Company overview and business model

• Focuses on developing and commercializing novel small molecule drugs targeting RAS/MAPK pathway-driven cancers, including ovarian, lung, and pancreatic cancers.

• Lead candidates avutometinib (RAF/MEK inhibitor) and defactinib (FAK inhibitor) are in late-stage clinical development, with regulatory submissions underway.

• Avutometinib and defactinib combination has received FDA breakthrough and orphan drug designations for low-grade serous ovarian cancer (LGSOC) and pancreatic cancer.

• NDA for avutometinib and defactinib in recurrent KRAS mutant LGSOC accepted by FDA with priority review and a June 30, 2025 action date.

• Plans to seek regulatory approval in additional global markets, including Europe and Japan.

Use of proceeds and capital allocation

• All shares offered are for resale by selling stockholders; no proceeds will be received by the company from these sales.

• Company will bear registration and listing expenses, while selling stockholders cover brokerage and related costs.
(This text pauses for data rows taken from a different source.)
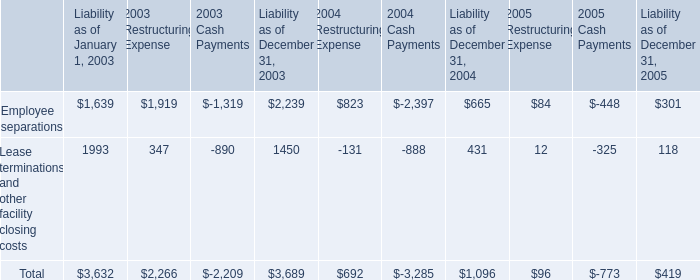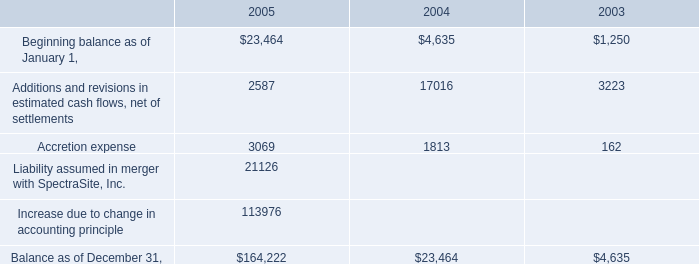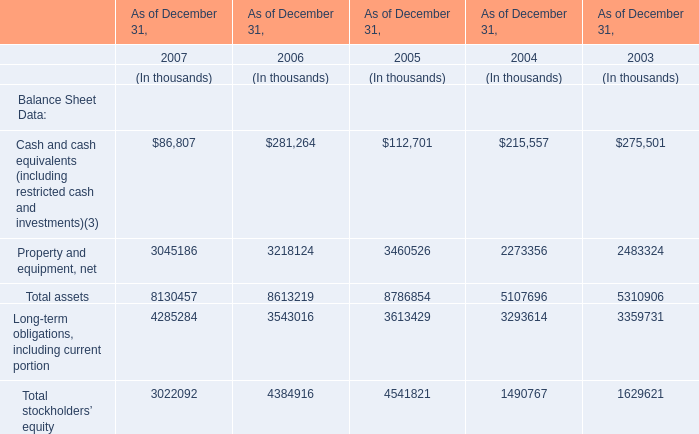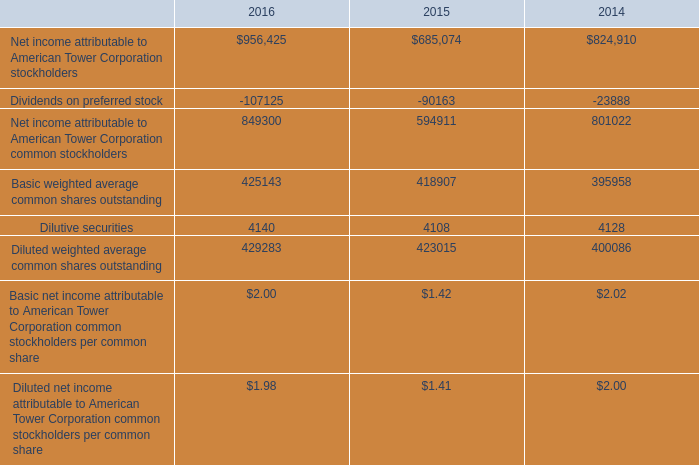Which year is Total assets the most? (in thousands) 
Answer: 8786854. 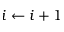<formula> <loc_0><loc_0><loc_500><loc_500>i \gets i + 1</formula> 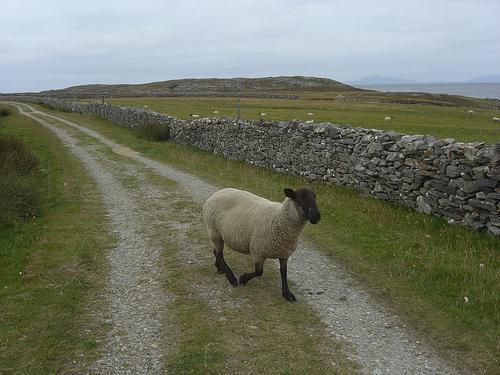How many sheep are there?
Give a very brief answer. 1. How many black sheeps are there?
Give a very brief answer. 0. 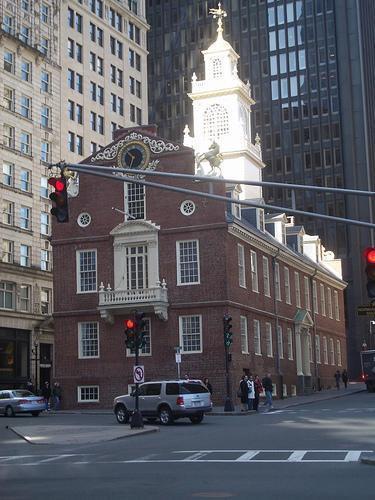How many vehicles are visible?
Give a very brief answer. 3. How many tires are visible in between the two greyhound dog logos?
Give a very brief answer. 0. 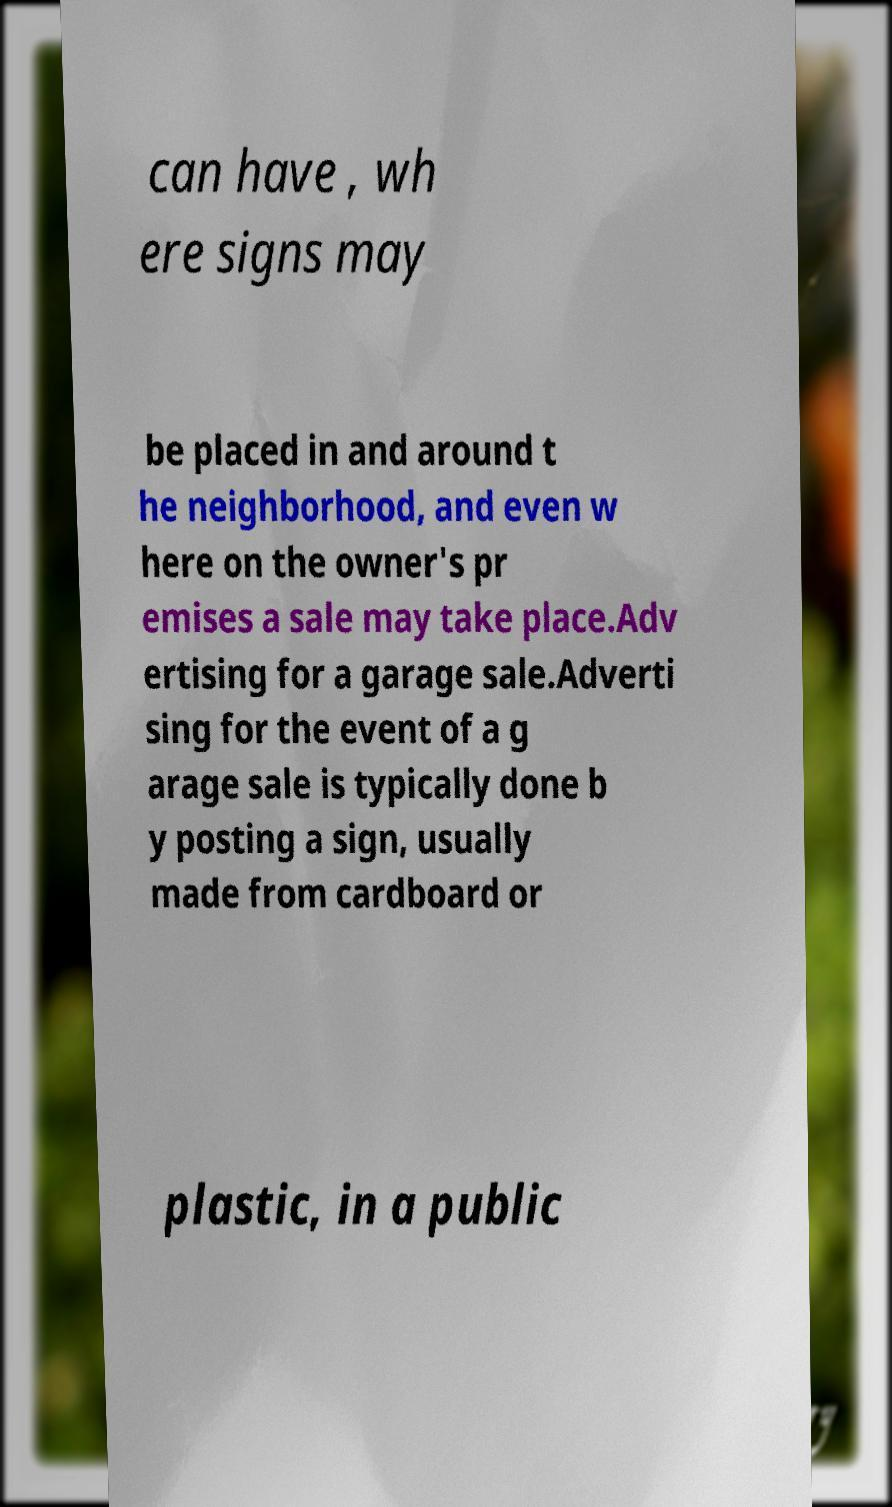What messages or text are displayed in this image? I need them in a readable, typed format. can have , wh ere signs may be placed in and around t he neighborhood, and even w here on the owner's pr emises a sale may take place.Adv ertising for a garage sale.Adverti sing for the event of a g arage sale is typically done b y posting a sign, usually made from cardboard or plastic, in a public 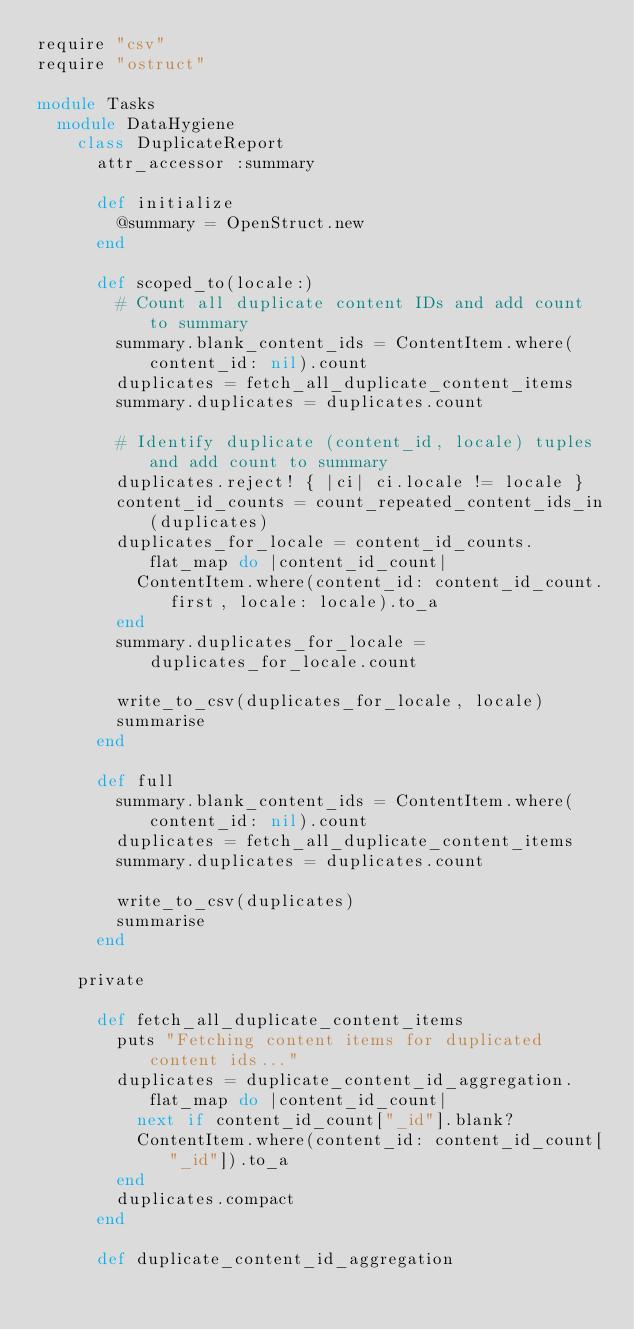Convert code to text. <code><loc_0><loc_0><loc_500><loc_500><_Ruby_>require "csv"
require "ostruct"

module Tasks
  module DataHygiene
    class DuplicateReport
      attr_accessor :summary

      def initialize
        @summary = OpenStruct.new
      end

      def scoped_to(locale:)
        # Count all duplicate content IDs and add count to summary
        summary.blank_content_ids = ContentItem.where(content_id: nil).count
        duplicates = fetch_all_duplicate_content_items
        summary.duplicates = duplicates.count

        # Identify duplicate (content_id, locale) tuples and add count to summary
        duplicates.reject! { |ci| ci.locale != locale }
        content_id_counts = count_repeated_content_ids_in(duplicates)
        duplicates_for_locale = content_id_counts.flat_map do |content_id_count|
          ContentItem.where(content_id: content_id_count.first, locale: locale).to_a
        end
        summary.duplicates_for_locale = duplicates_for_locale.count

        write_to_csv(duplicates_for_locale, locale)
        summarise
      end

      def full
        summary.blank_content_ids = ContentItem.where(content_id: nil).count
        duplicates = fetch_all_duplicate_content_items
        summary.duplicates = duplicates.count

        write_to_csv(duplicates)
        summarise
      end

    private

      def fetch_all_duplicate_content_items
        puts "Fetching content items for duplicated content ids..."
        duplicates = duplicate_content_id_aggregation.flat_map do |content_id_count|
          next if content_id_count["_id"].blank?
          ContentItem.where(content_id: content_id_count["_id"]).to_a
        end
        duplicates.compact
      end

      def duplicate_content_id_aggregation</code> 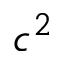Convert formula to latex. <formula><loc_0><loc_0><loc_500><loc_500>c ^ { 2 }</formula> 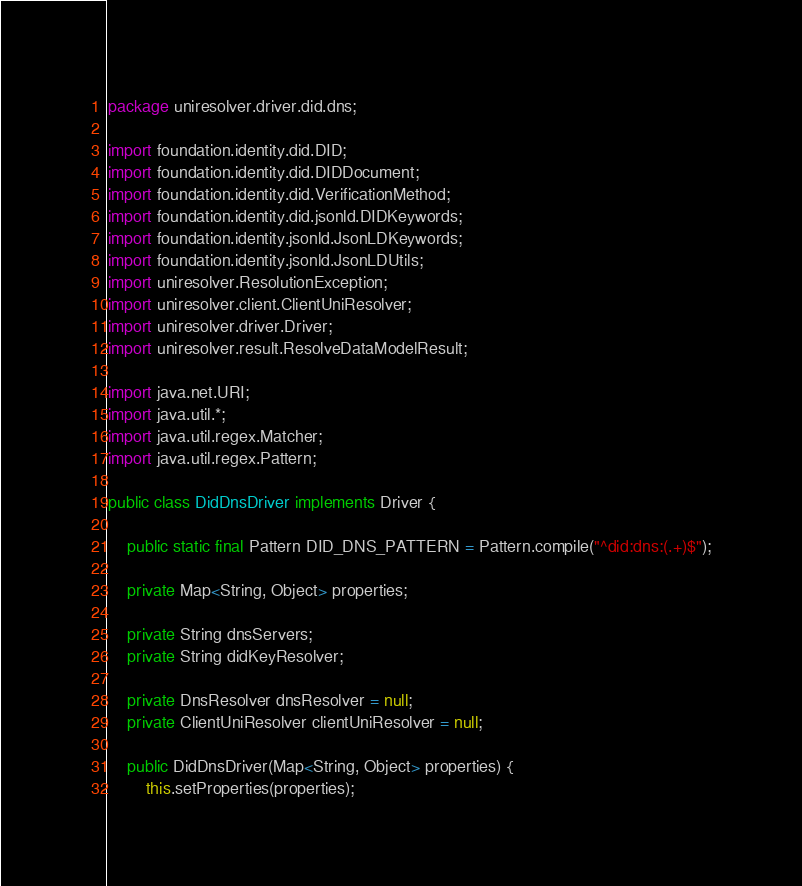Convert code to text. <code><loc_0><loc_0><loc_500><loc_500><_Java_>package uniresolver.driver.did.dns;

import foundation.identity.did.DID;
import foundation.identity.did.DIDDocument;
import foundation.identity.did.VerificationMethod;
import foundation.identity.did.jsonld.DIDKeywords;
import foundation.identity.jsonld.JsonLDKeywords;
import foundation.identity.jsonld.JsonLDUtils;
import uniresolver.ResolutionException;
import uniresolver.client.ClientUniResolver;
import uniresolver.driver.Driver;
import uniresolver.result.ResolveDataModelResult;

import java.net.URI;
import java.util.*;
import java.util.regex.Matcher;
import java.util.regex.Pattern;

public class DidDnsDriver implements Driver {

	public static final Pattern DID_DNS_PATTERN = Pattern.compile("^did:dns:(.+)$");

	private Map<String, Object> properties;

	private String dnsServers;
	private String didKeyResolver;

	private DnsResolver dnsResolver = null;
	private ClientUniResolver clientUniResolver = null;

	public DidDnsDriver(Map<String, Object> properties) {
		this.setProperties(properties);</code> 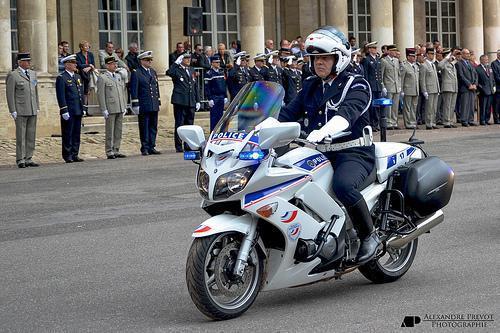How many tires are on the motorcycle?
Give a very brief answer. 2. How many men are on the motorcycle?
Give a very brief answer. 1. How many men are wearing a helmet?
Give a very brief answer. 1. 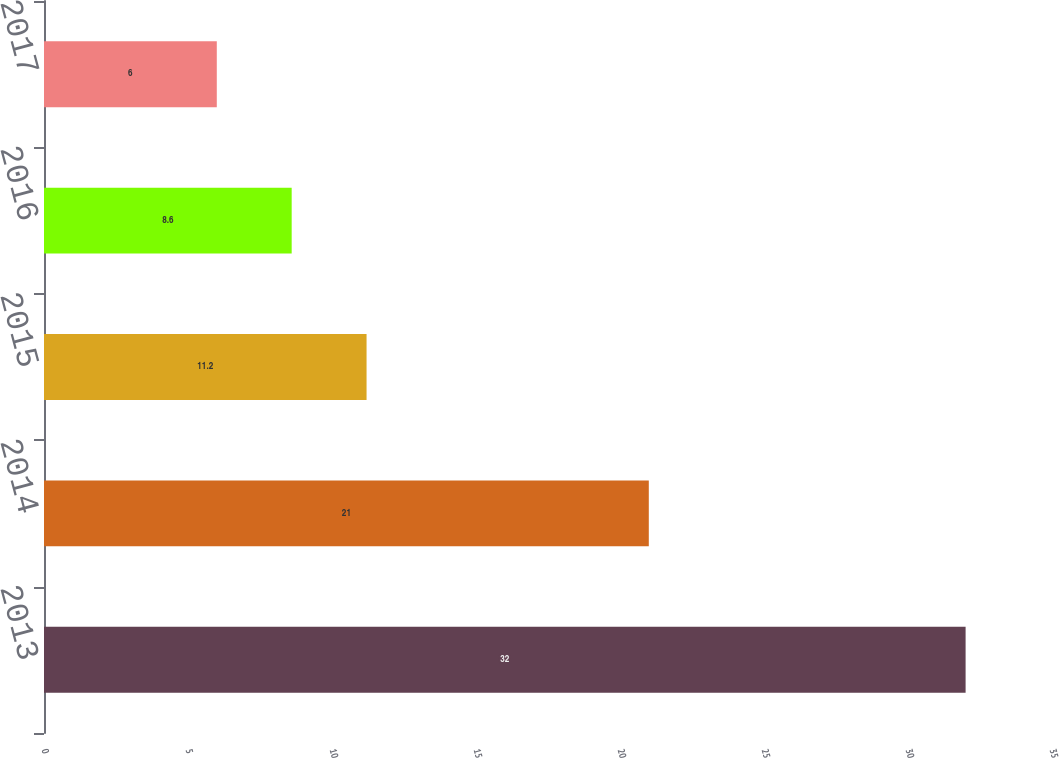Convert chart. <chart><loc_0><loc_0><loc_500><loc_500><bar_chart><fcel>2013<fcel>2014<fcel>2015<fcel>2016<fcel>2017<nl><fcel>32<fcel>21<fcel>11.2<fcel>8.6<fcel>6<nl></chart> 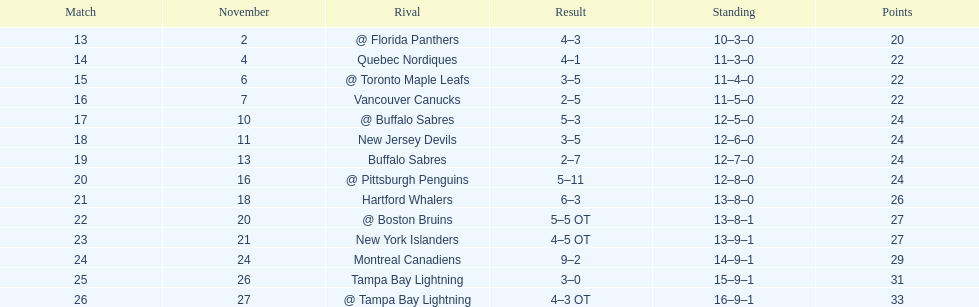What other team had the closest amount of wins? New York Islanders. 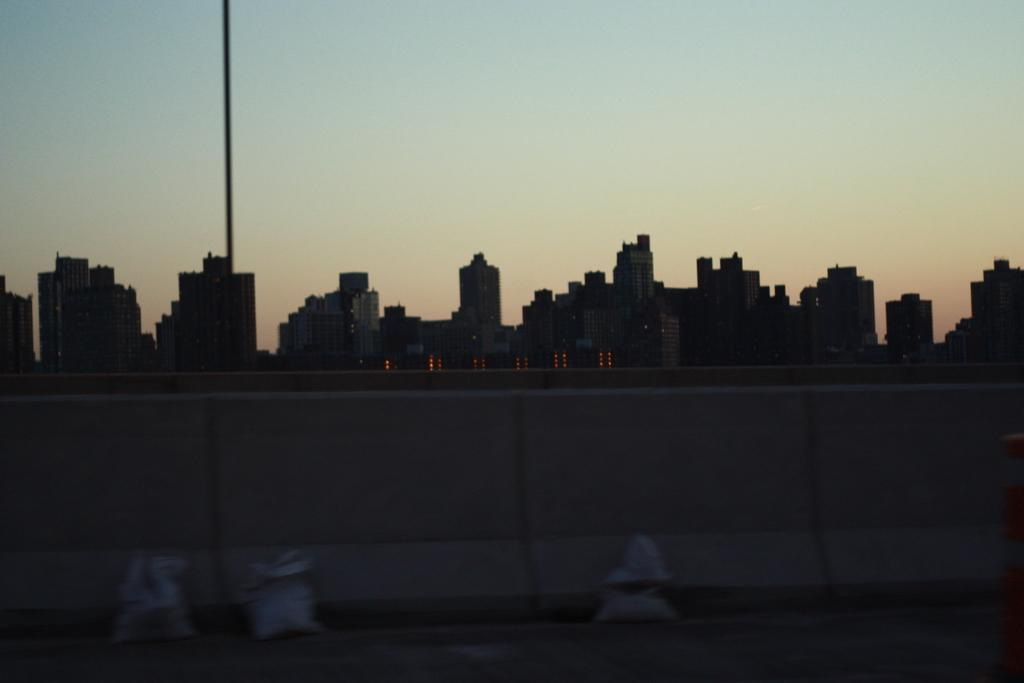What are the three white objects in the image? There are three white objects in the image, but their specific nature is not mentioned in the facts. What is located at the front of the image? There is a wall in the front of the image. What can be seen in the background of the image? In the background of the image, there is a pole, multiple buildings, lights, and the sky. Where is the map located in the image? There is no map present in the image. What type of observation can be made about the lights in the image? The facts do not provide any information about the nature of the lights or any observations that can be made about them. 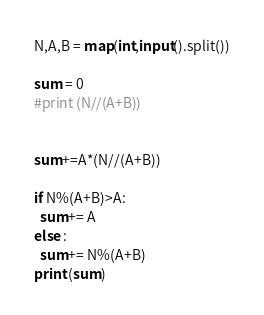<code> <loc_0><loc_0><loc_500><loc_500><_Python_>N,A,B = map(int,input().split())

• Gross proceeds of approximately $7.5 million were raised in a private placement at $5.2931 per share on January 13, 2025.

• Selling stockholders have participation rights in future equity offerings up to $2.5 million for three years post-closing.

Risk factors and disclosures

• Investment involves risks that could adversely affect business, results, and stock value, including clinical, regulatory, and financial uncertainties.

• Forward-looking statements are subject to risks such as clinical trial outcomes, regulatory approvals, commercialization success, IP protection, and financing needs.

• Additional risks are detailed in the Annual Report on Form 10-K for the year ended December 31, 2024, and subsequent SEC filings.